Compositor de origem tcheca, Dvořák é outro nome bastante expressivo do romantismo, com forte tendência nacionalista. Em suas obras encontramos várias citações de melodias da Morávia, Boêmia e de demais regiões da República Tcheca. As Danças Eslavas para piano a quatro mãos são algumas das obras mais significativas do repertório de Dvořák, especialmente pelo forte teor nacionalista expressado pelas melodias folclóricas e pelos ritmos das danças típicas. São equivalentes às Danças Húngaras de Brahms (1833 – 1897), compositor alemão e um dos pilares do romantismo tardio, cuja obra citada também reflete o mesmo espírito nacionalista.

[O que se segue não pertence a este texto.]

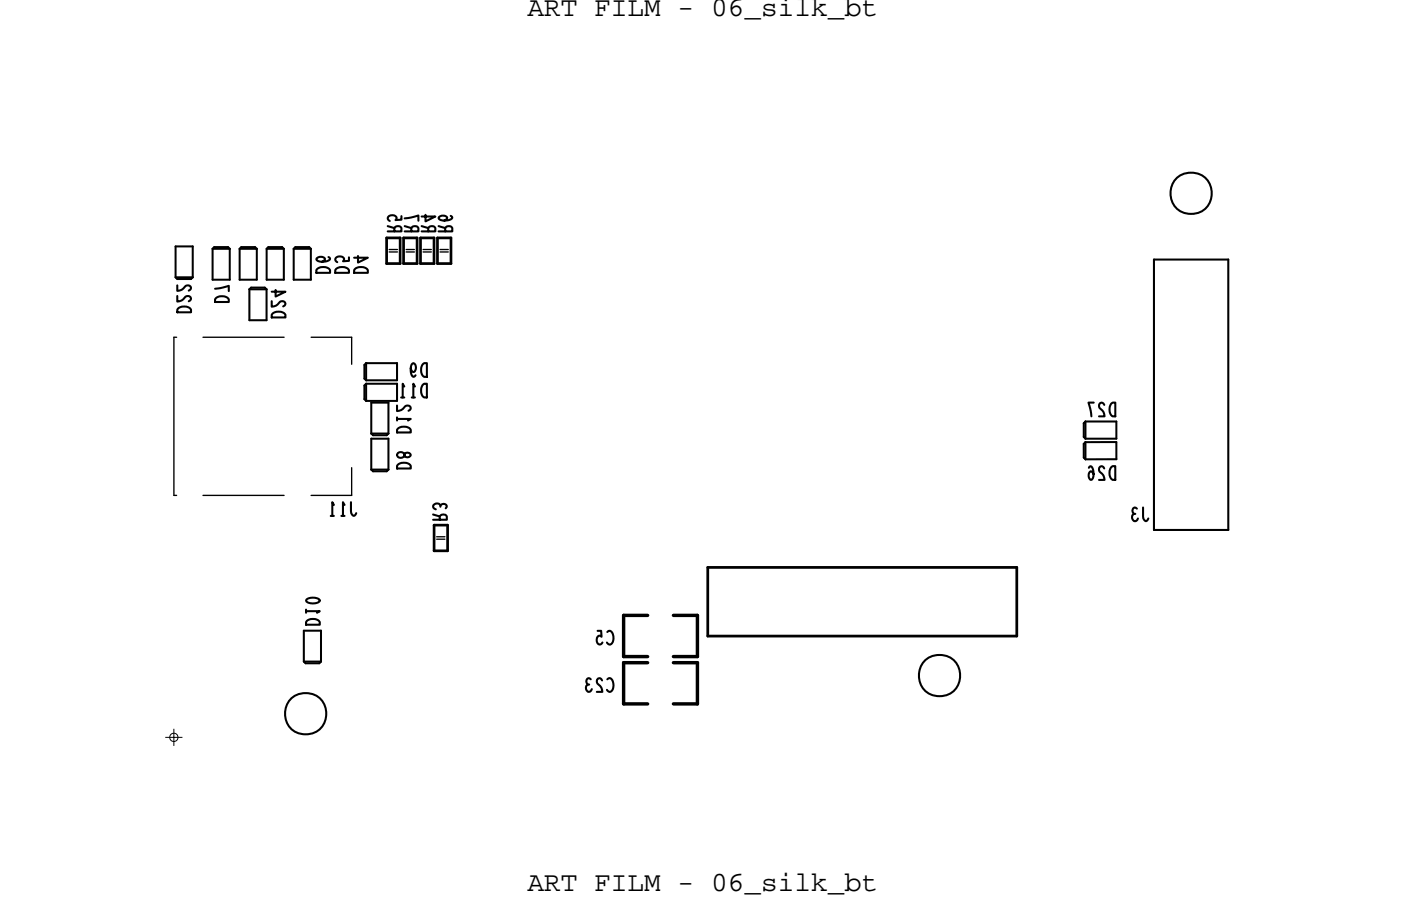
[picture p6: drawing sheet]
<svg xmlns="http://www.w3.org/2000/svg" width="104mm" height="67mm" viewBox="0 0 104 67" stroke-linecap="round" stroke-linejoin="round" font-family="sans-serif">
<defs><g id="words">
<g font-size="2.1">
<text x="39" y="1.2">ART FILM - 06_silk_bt</text>
<text x="39" y="65.9">ART FILM - 06_silk_bt</text>
</g>
<text font-size="1" x="33.1" y="38.6" transform="rotate(-90 33.1 38.6)">R3</text>
</g></defs>
<!-- layer: Board Outline -->
<path d="M52.4 42v5.1zM52.4 42h22.8zM52.4 47.1h22.8zM75.2 42v5.1z" fill="none" stroke="#000" stroke-width=".2"/>
<!-- layer: Components -->
<g fill="none" stroke="#000" stroke-width=".1">
<path d="M28.8 18.5h.6zM28.8 18.6h.6zM30 18.5h.7zM30 18.6h.7zM31.3 18.5h.6zM31.3 18.6h.6zM32.6 18.5h.6zM32.6 18.6h.6zM12.9 25h.2zM12.9 25v11.7zM12.9 36.7h.2zM15 25h6z"/>
<path d="M15 36.7h6zM23 25h3zM23 36.7h3zM26 25v2zM26 34.6v2.1zM32.3 39.7h.6zM32.3 39.9h.6z"/>
</g>
<g fill="none" stroke="#000" stroke-width=".2">
<path d="M28.6 17.6h1zM28.6 17.6v1.9zM28.6 19.5h1zM29.6 17.6v1.9zM29.9 17.6h1zM29.9 17.6v1.9zM29.9 19.5h1zM30.9 17.6v1.9zM31.1 17.6h1zM31.1 17.6v1.9zM31.1 19.5h1zM32.1 17.6v1.9z"/>
<path d="M32.4 17.6h1zM32.4 17.6v1.9zM32.4 19.5h1zM33.4 17.6v1.9zM32.1 38.9v1.9zM33.1 38.9v1.9zM32.1 40.8h1z"/>
</g>
<g fill="none" stroke="#000" stroke-width=".15">
<path d="M13 18.2v2.3zM13 18.2h1.3zM14.3 18.2v2.3zM15.7 18.4l.2-.1zM15.7 18.4h1.3zM15.7 18.4v2.3zM15.9 18.3h1zM16.9 18.3l.1 .1zM17 18.4v2.3zM17.7 18.4h1.3zM17.7 18.4v2.3zM17.9 18.3h1z"/>
<path d="M17.9 18.3l-.2 .1zM18.9 18.3l.1 .1zM19 18.4v2.3zM19.7 18.4h1.3zM19.7 18.4v2.3zM19.9 18.3h1zM19.9 18.3l-.2 .1zM20.9 18.3l.1 .1zM21 18.4v2.3zM21.7 18.4h1.3zM21.7 18.4v2.3zM21.9 18.3h1z"/>
<path d="M21.9 18.3l-.2 .1zM22.9 18.3l.1 .1zM23 18.4v2.3zM85.4 19.2h5.5zM85.4 19.2v20zM90.9 19.2v20zM13 20.5l.1 .1zM13 20.5h1.3zM13.1 20.6h1zM14.3 20.5l-.2 .1zM15.7 20.7h1.3zM17.7 20.7h1.3z"/>
<path d="M18.4 21.4h1.3zM18.4 23.7h1.3zM18.4 21.4v2.3zM18.6 21.3h1zM18.6 21.3l-.2 .1zM19.6 21.3l.1 .1zM19.7 21.4v2.3zM19.7 20.7h1.3zM21.7 20.7h1.3zM27 27v1zM27 28l.1 .1zM27 28.5v1z"/>
<path d="M27 29.5l.1 .2zM27.1 26.9l-.1 .1zM27.1 26.9v1.2zM27.1 26.9h2.3zM27.1 28.1h2.3zM27.1 28.4l-.1 .1zM27.1 28.4v1.3zM27.1 28.4h2.3zM27.1 29.7h2.3zM27.5 34.7l.1 .2zM27.5 34.7h1.2zM27.5 32.5v2.2z"/>
<path d="M27.5 32.5h1.2zM27.5 32.1l.1 .1zM27.5 32.1h1.2zM27.5 29.8v2.3zM27.5 29.8h1.2zM27.6 34.9h1zM27.6 32.2h1zM28.6 34.9l.1-.2zM28.7 32.5v2.2zM28.7 32.1l-.1 .1zM28.7 29.8v2.3zM29.4 26.9v1.2z"/>
<path d="M29.4 28.4v1.3zM80.2 32.8v1.1zM80.2 31.3l.1-.1zM80.2 31.3v1zM80.2 32.3l.1 .2zM80.2 33.9l.1 .1zM80.3 32.7l-.1 .1zM80.3 32.7v1.3zM80.3 32.7h2.3zM80.3 31.2v1.3zM80.3 31.2h2.3zM80.3 32.5h2.3z"/>
<path d="M80.3 34h2.3zM82.6 32.7v1.3zM82.6 31.2v1.3zM85.4 39.2h5.5zM22.5 48.9l.1 .2zM22.5 48.9h1.2zM22.5 46.7v2.2zM22.5 46.7h1.2zM22.6 49.1h1zM23.6 49.1l.1-.2zM23.7 46.7v2.2z"/>
<circle cx="88.1" cy="14.3" r="1.54"/>
<circle cx="22.6" cy="52.8" r="1.54"/>
<circle cx="69.5" cy="50" r="1.54"/>
</g>
<path d="M46.1 48.6h1.8zM46.1 45.5v3.1zM46.1 45.5h1.8zM46.1 52.1h1.8zM46.1 49v3.1zM46.1 49h1.8zM49.8 45.5h1.8zM49.8 48.6h1.8zM49.8 49h1.8zM49.8 52.1h1.8zM51.6 45.5v3.1zM51.6 49v3.1z" fill="none" stroke="#000" stroke-width=".25"/>
<!-- layer: Text -->
<g fill="none" stroke="#000" stroke-width=".15">
<path d="M23.5 19.9a.7 .7 0 0 1 .9 .1v.2h-1zM24.3 19l.1 .1a.7 .7 0 0 1-1 .1 .39 .39 0 0 1 .6 0l-.2 .2M24.8 19.9a.7 .7 0 0 1 1 .1v.2h-1zM25.8 19v.3h-.4v-.1a.31 .31 0 0 0-.3-.2 .31 .31 0 0 0-.3 .3l.2 .1M26.2 19.9a.7 .7 0 0 1 1 .1v.2h-1zM26.5 18.9v.5l.7-.3h-1M28.7 17.1h1v-.2l-.1-.2h-.3l-.1 .2v.2M28.7 16.7l.5 .2M29.7 16v.3h-.4v-.1a.31 .31 0 0 0-.3-.3 .31 .31 0 0 0-.3 .3l.1 .2M29.9 16.2l1.1-.3v.4M29.9 17.1h1.1v-.2l-.2-.2h-.2l-.2 .2v.2M29.9 16.7l.5 .2"/>
<path d="M31.2 17.1h1v-.2l-.1-.2h-.3l-.1 .2v.2M31.2 16.7l.5 .2M31.5 15.9v.5l.7-.4h-1M32.4 17.1h1.1v-.2l-.2-.2h-.2l-.2 .2v.2M32.4 16.7l.5 .2M33.3 16l.2 .1a.7 .7 0 0 1-1.1 0 .39 .39 0 0 1 .7 0l-.2 .2M13.1 21.1v.4a.88 .88 0 0 0 .7-.4h.1a.19 .19 0 0 1 .2 .1 .19 .19 0 0 1 0 .2l-.1 .1M13.1 21.9v.4a.88 .88 0 0 0 .7-.4h.1a.19 .19 0 0 1 .2 .1 .19 .19 0 0 1 0 .2l-.1 .1M13.2 22.8a.7 .7 0 0 1 .9 .1v.2h-1zM15.9 21.4l1-.3v.4M16 22.1a.7 .7 0 0 1 .9 0v.2h-1zM20.1 22.3v.4a.88 .88 0 0 0 .7-.4h.1a.19 .19 0 0 1 .2 .1 .19 .19 0 0 1-.1 .2l-.1 .1"/>
<path d="M20.2 23.2a.7 .7 0 0 1 .9 .1v.2h-1zM20.4 21.5v.4l.7-.3h-1M24.5 38.2h.2M24.7 37.4l-.1-.2v1M25.3 38.2h.2M25.5 37.4l-.1-.2v1M26 37.2v.8l.2 .2 .2-.2M29.4 30v.4a.88 .88 0 0 0 .7-.4h.1a.19 .19 0 0 1 .2 .1 .19 .19 0 0 1-.1 .2l-.1 .1M29.4 31h1l-.2 .1M29.4 30.9v.2M29.4 34.4a.7 .7 0 0 1 1 .1v.2h-1zM29.4 31.7a.7 .7 0 0 1 1 .1v.2h-1z"/>
<path d="M29.4 33.5l.2-.1a.28 .28 0 0 1 .3 .4h.2l.3-.1a.25 .25 0 0 0-.3-.2 .25 .25 0 0 0-.2 .3 .25 .25 0 0 1-.4 .1 .25 .25 0 0 1-.1-.4zM29.7 29.4h.2M29.9 28.6l-.1-.2v1M30.4 27.3l.1 .2a.3 .3 0 0 0 .3-.3 .3 .3 0 0 0-.3-.3 .78 .78 0 0 0 .1 1l.1-.1M30.5 29.4h.2M30.7 28.6l-.1-.2v1M31.3 26.9h.3v1a.53 .53 0 0 1-.5-.4 .53 .53 0 0 1 .1-.5zM31.3 28.4h.3v1a.53 .53 0 0 1-.5-.3 .53 .53 0 0 1 .1-.6zM32 38.5h1.1v-.3l-.2-.1h-.2l-.2 .1v.3M32 38.1l.5 .1M32.6 37.5a.25 .25 0 0 0-.3-.2 .25 .25 0 0 0-.2 .3l.1 .1M80.5 34.6l.2-.1a.7 .7 0 0 1 0 1 .39 .39 0 0 1 0-.6l.2 .2"/>
<path d="M80.9 29.8h-.4l.2 1M81.7 34.7a.22 .22 0 0 0-.3-.2 .22 .22 0 0 0-.1 .4 .69 .69 0 0 1 .4 .6h-.4M81.7 30a.22 .22 0 0 0-.3-.2 .22 .22 0 0 0-.1 .4 .69 .69 0 0 1 .4 .6h-.4M82.2 34.5h.3v1a.53 .53 0 0 1-.4-.3 .53 .53 0 0 1 .1-.6zM82.2 29.8h.3v1a.53 .53 0 0 1-.4-.3 .53 .53 0 0 1 .1-.6zM84 38a.25 .25 0 0 0-.3 .3 .25 .25 0 0 0 .4 .2l.1-.1M84.1 37.6a.22 .22 0 0 0-.3 .1 .22 .22 0 0 0 .1 .3M84.6 37.5v.9l.2 .2 .1-.2M22.6 45.2h1.1l-.2 .1M22.6 45.1v.2M22.7 44.4a.78 .78 0 0 1 1 0 .71 .71 0 0 1-1.1 0zM22.7 45.9a.7 .7 0 0 1 1 .1v.2h-1.1z"/>
<path d="M43.6 50.6a.25 .25 0 0 0-.3 .4 .25 .25 0 0 0 .4 .1l.1-.1M43.7 50.3a.22 .22 0 0 0-.3 0 .22 .22 0 0 0 .1 .3M44.2 46.7h.3v.4l-.1-.1a.31 .31 0 0 0-.3 .4 .31 .31 0 0 0 .3 .3l.2-.2M44.5 50.3a.22 .22 0 0 0-.3-.1 .22 .22 0 0 0 0 .4 .69 .69 0 0 1 .4 .6h-.5M44.9 50.3l.2-.1a.56 .56 0 0 1 .3 .5 .56 .56 0 0 1-.3 .5l-.2-.2M44.9 46.8l.2-.1a.56 .56 0 0 1 .3 .5 .56 .56 0 0 1-.3 .5l-.2-.2"/>
</g>
<!-- layer: Drawing Origin -->
<path d="M12.2 54.6h1.3M12.6 54.3l.3-.1 .2 .1 .1 .3-.1 .2-.2 .1-.3-.1v-.2zM12.9 53.9v1.3" fill="none" stroke="#000" stroke-width=".07"/>
<use href="#words"/>
</svg>

Em meados de 1892, Dvořák esteve a trabalho nos Estados Unidos, e desse contato resultou sua sinfonia mais famosa, a de número 9, ou como é popularmente conhecida: Sinfonia do Novo Mundo. Assim que pisou em solo americano, Dvořák ficou deslumbrado com o novo mundo que se erguia à sua frente, com a nova cultura e os novos sons e ritmos que ecoavam pelas ruas do até então desconhecido ambiente. Esses aspectos influenciaram diretamente na sonoridade de sua sinfonia e foram os responsáveis pelo americanismo perceptível na obra. Porém, ao ouvirmos a sinfonia, também notamos certa insistência por parte das melodias de canções eslavas querendo ora sobrepor, ora se envolver com o espírito americano ali presente. Isso pode ser reflexo da saudade que acometia o compositor ao se lembrar de sua terra natal durante a viagem aos Estados Unidos, ao mesmo tempo em que se apaixonava pelo novo mundo que, aos poucos, ia conhecendo. Boa parte da narrativa dramática da obra é proveniente do embate entre o deslumbre do novo mundo e a saudade da terra natal, onde ora o êxtase dá lugar à nostalgia, ora se sobrepõe ou funde-se a ela, refletindo um diálogo íntimo do próprio compositor diante de tal situação.